Weather is a chaotic system and predicting weather conditions several weeks in advance poses considerable challenges. The accuracy of such long-range forecasts remains generally quite low. Accordingly, even moderate improvements can prove valuable for various sectors. For instance, farmers rely on these forecasts to determine optimal sowing and harvesting times, energy providers use them to anticipate fluctuations in renewable energy production, and public health officials use them to prepare for outbreaks of diseases such as malaria or dengue fever, which are correlated with specific weather conditions.
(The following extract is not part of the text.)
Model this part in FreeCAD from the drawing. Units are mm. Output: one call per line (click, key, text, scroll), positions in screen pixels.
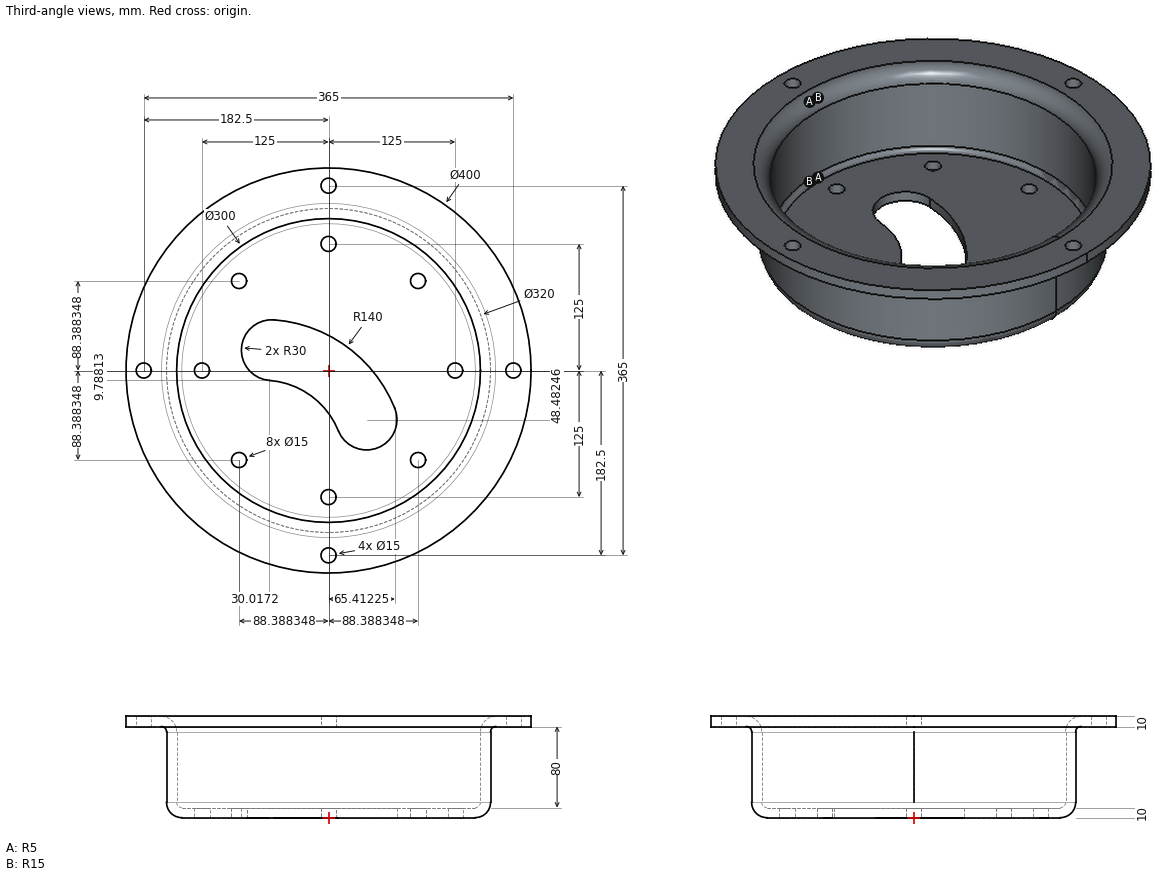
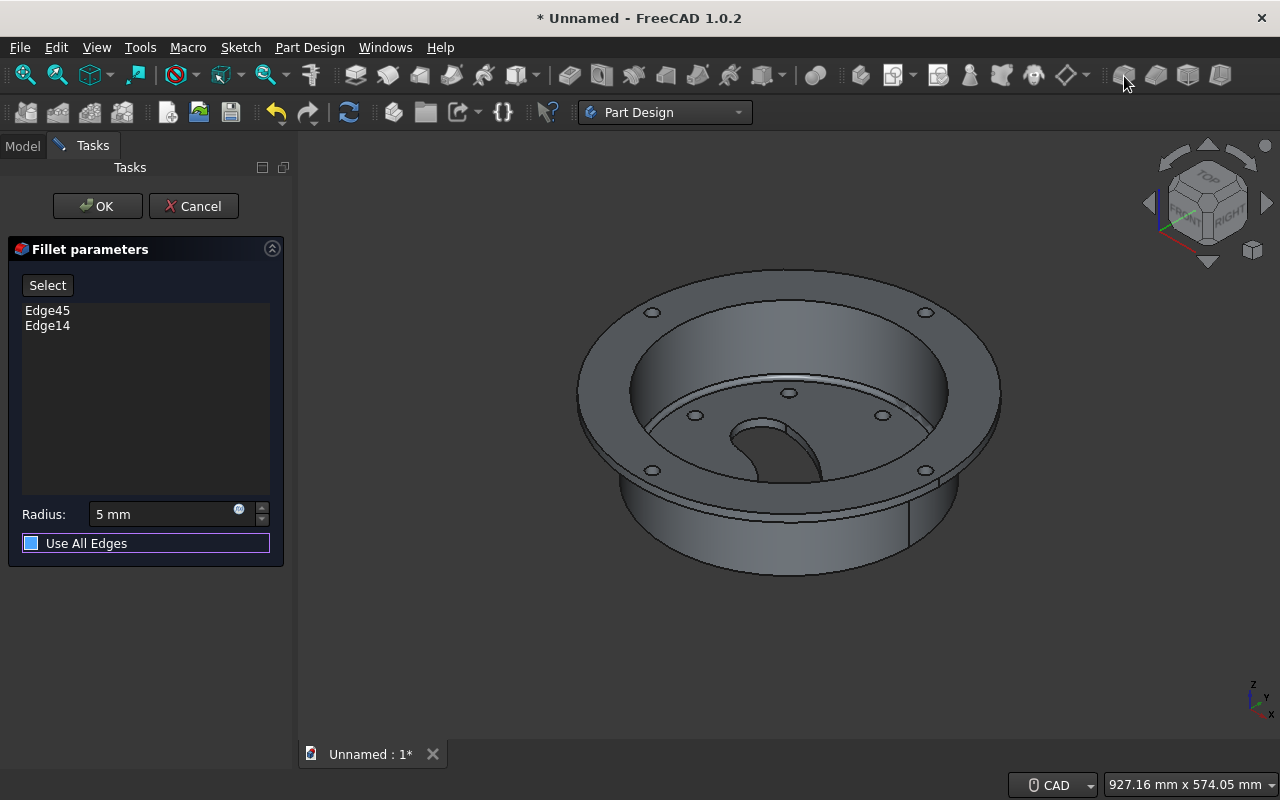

Researchers at LMU are now investigating a phenomenon that has its origin in the stratosphere, the layer of our atmosphere situated 15 to 50 kilometers above our heads. “Previous work has shown that during Northern winter the state of the circulation in the polar stratosphere may provide useful information for improved long-range forecasts, especially for weather over the North Atlantic and Eurasia,” explains Thomas Birner, Professor of Theoretical Meteorology at LMU. In particular, when the polar vortex (a band of strong eastward circumpolar flow at stratospheric levels) strongly weakens or breaks down, the North Atlantic jetstream tends to shift southward and the likelihood of cold spells over Eurasia increases. Such vortex breakdowns are relatively rare events that only happen approximately every other winter. But its time has come round again: “One such event is currently unfolding with corresponding expected impacts on Eurasian weather in the coming weeks.”
And now for the weather: cold, but less chaotic
In a study published recently in the journal Communications Earth & Environment, LMU meteorologists highlight an additional aspect of stratospheric influence on long-range weather forecasts: Weak polar vortex states, such as the one currently prevailing, are typically followed by reduced uncertainty of 3-5 week forecasts over Northern Europe. The authors found that ensembles of forecasts show a reduced range of possible weather conditions by about 25%. Such ensembles are made up of a large number of individual forecasts, which typically diverge at longer forecasting periods. After weak polar vortex events there is less spread among these forecasts over Northern Europe, making the weather more predictable.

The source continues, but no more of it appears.